Georgia Tech’s baseball team will be a few days removed from its biggest series win of the year, a takedown of then-No. 1 Florida State by a Yellow Jackets team that started four freshmen in two of the games.

Georgia, meanwhile, will face the Jackets Tuesday night at Tech’s Russ Chandler Stadium (7:30 p.m., CSS) having just won its third consecutive SEC series.

“We didn’t start the way we wanted to, but I do feel we’re playing consistently right now,” Tech coach Danny Hall said. “Whether that’s good enough to keep rolling and go where we want to go, that’s yet to be determined. But we’re playing consistently in all phases.”

Not many would have expected this scenario when the teams met for the first of the three-game season series on March 4 in Athens. Georgia was 5-6 and had lost to Georgia Southern, Kennesaw State and Georgia State. Tech was 7-4 with losses to Georgia Southern and Kennesaw State.

The projections that Georgia would struggle under first-year coach Scott Stricklin and that a young Jackets team would likewise face an uphill climb appeared about right.

But the Bulldogs and Jackets have outplayed expectations.
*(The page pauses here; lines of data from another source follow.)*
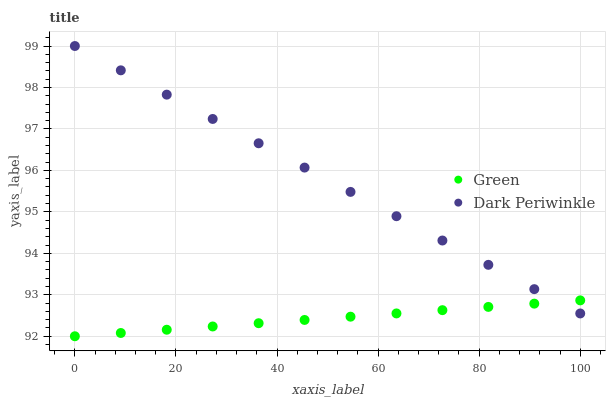Does Green have the minimum area under the curve?
Answer yes or no. Yes. Does Dark Periwinkle have the maximum area under the curve?
Answer yes or no. Yes. Does Dark Periwinkle have the minimum area under the curve?
Answer yes or no. No. Is Dark Periwinkle the smoothest?
Answer yes or no. Yes. Is Green the roughest?
Answer yes or no. Yes. Is Dark Periwinkle the roughest?
Answer yes or no. No. Does Green have the lowest value?
Answer yes or no. Yes. Does Dark Periwinkle have the lowest value?
Answer yes or no. No. Does Dark Periwinkle have the highest value?
Answer yes or no. Yes. Does Green intersect Dark Periwinkle?
Answer yes or no. Yes. Is Green less than Dark Periwinkle?
Answer yes or no. No. Is Green greater than Dark Periwinkle?
Answer yes or no. No. 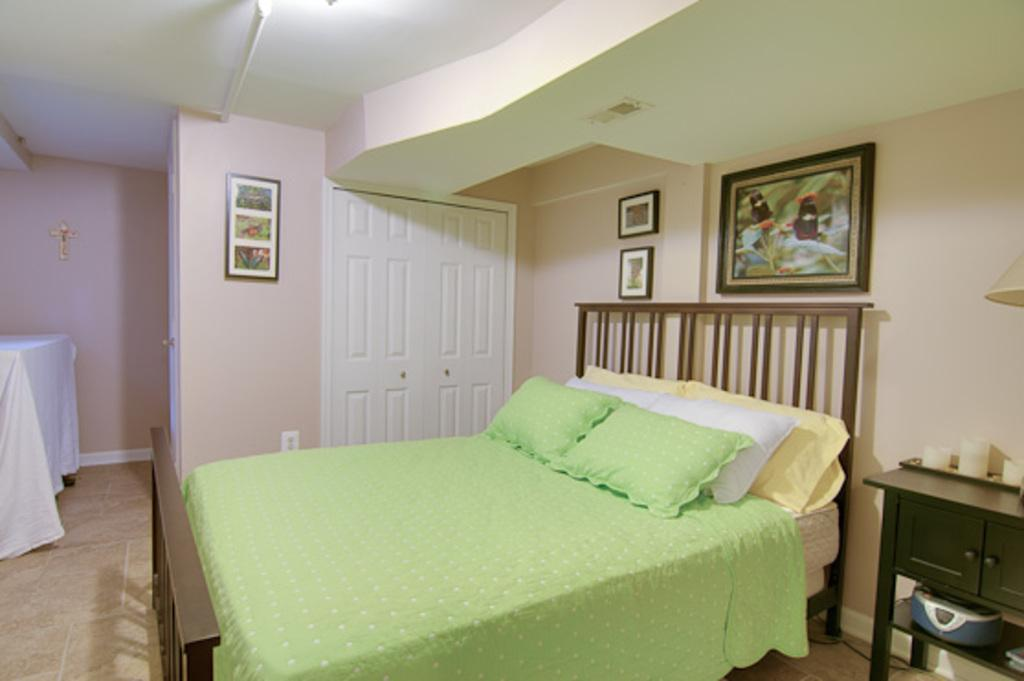What type of space is shown in the image? The image is inside a room. What furniture is present in the room? There is a bed with pillows and a table in the room. Are there any decorative items in the room? Yes, there are photo frames in the room. How many doors are visible in the image? There are doors in the room. What part of the room can be seen above the objects in the image? The ceiling is visible in the image. What type of plants are growing inside the photo frames in the image? There are no plants visible inside the photo frames in the image. What surprise can be seen happening in the room in the image? There is no surprise happening in the room in the image.

Georgia was picked to finish sixth in the SEC East and stands in third place in a tight race, just a game and a half out of first place but also the same distance out of a tie for last place.
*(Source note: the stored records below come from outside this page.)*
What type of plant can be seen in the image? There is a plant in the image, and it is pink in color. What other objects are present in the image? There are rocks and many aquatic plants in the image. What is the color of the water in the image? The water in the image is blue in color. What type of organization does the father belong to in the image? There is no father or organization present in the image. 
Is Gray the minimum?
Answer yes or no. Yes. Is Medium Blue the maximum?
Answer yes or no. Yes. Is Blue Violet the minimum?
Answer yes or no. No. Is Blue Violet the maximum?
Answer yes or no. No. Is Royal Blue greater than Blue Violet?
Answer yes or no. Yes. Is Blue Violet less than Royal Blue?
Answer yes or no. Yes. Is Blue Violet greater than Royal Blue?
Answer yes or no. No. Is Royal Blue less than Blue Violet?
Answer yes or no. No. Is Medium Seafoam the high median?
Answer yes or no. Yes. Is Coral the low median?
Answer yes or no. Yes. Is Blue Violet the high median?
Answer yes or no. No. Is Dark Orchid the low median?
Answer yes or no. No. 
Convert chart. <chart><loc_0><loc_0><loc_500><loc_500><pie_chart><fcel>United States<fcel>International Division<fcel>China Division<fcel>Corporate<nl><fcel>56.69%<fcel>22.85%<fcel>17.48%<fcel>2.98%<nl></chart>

“In the SEC, our pitching has been really good and that’s been encouraging,” Stricklin said.

Tech, which began the season unranked for the first time in coach Danny Hall’s 21 seasons at the school, cracked the Top 25 for the second time this season Monday in one poll after giving the Seminoles their first series loss of the season. That included a 12-4 walloping on Saturday.

“Our pitching the whole entire weekend was lights out,” said Tech freshman shortstop Connor Justus, who on Monday was named the ACC’s player of the week. “When we needed a big play or a big pitch, they were there.”

As Stricklin noted, the Bulldogs’ pitching in its 15 conference games has been stellar. Georgia is last in the SEC in ERA in all games (3.91), but second in the league in conference games (2.64). A year ago, Georgia was 13th in the league in ERA in conference games at 4.61, which helped lead to coach David Perno’s dismissal.

With its 7-4 win over Tennessee on Sunday, Georgia improved to 21-14-1 overall and 7-7-1 in the SEC, which tied the Bulldogs’ 2013 victory total for both overall and conference record.

“(Pitching coach Fred Corral) has done a great job with those guys,” Stricklin said. “Our pitching has been the reason for our success.”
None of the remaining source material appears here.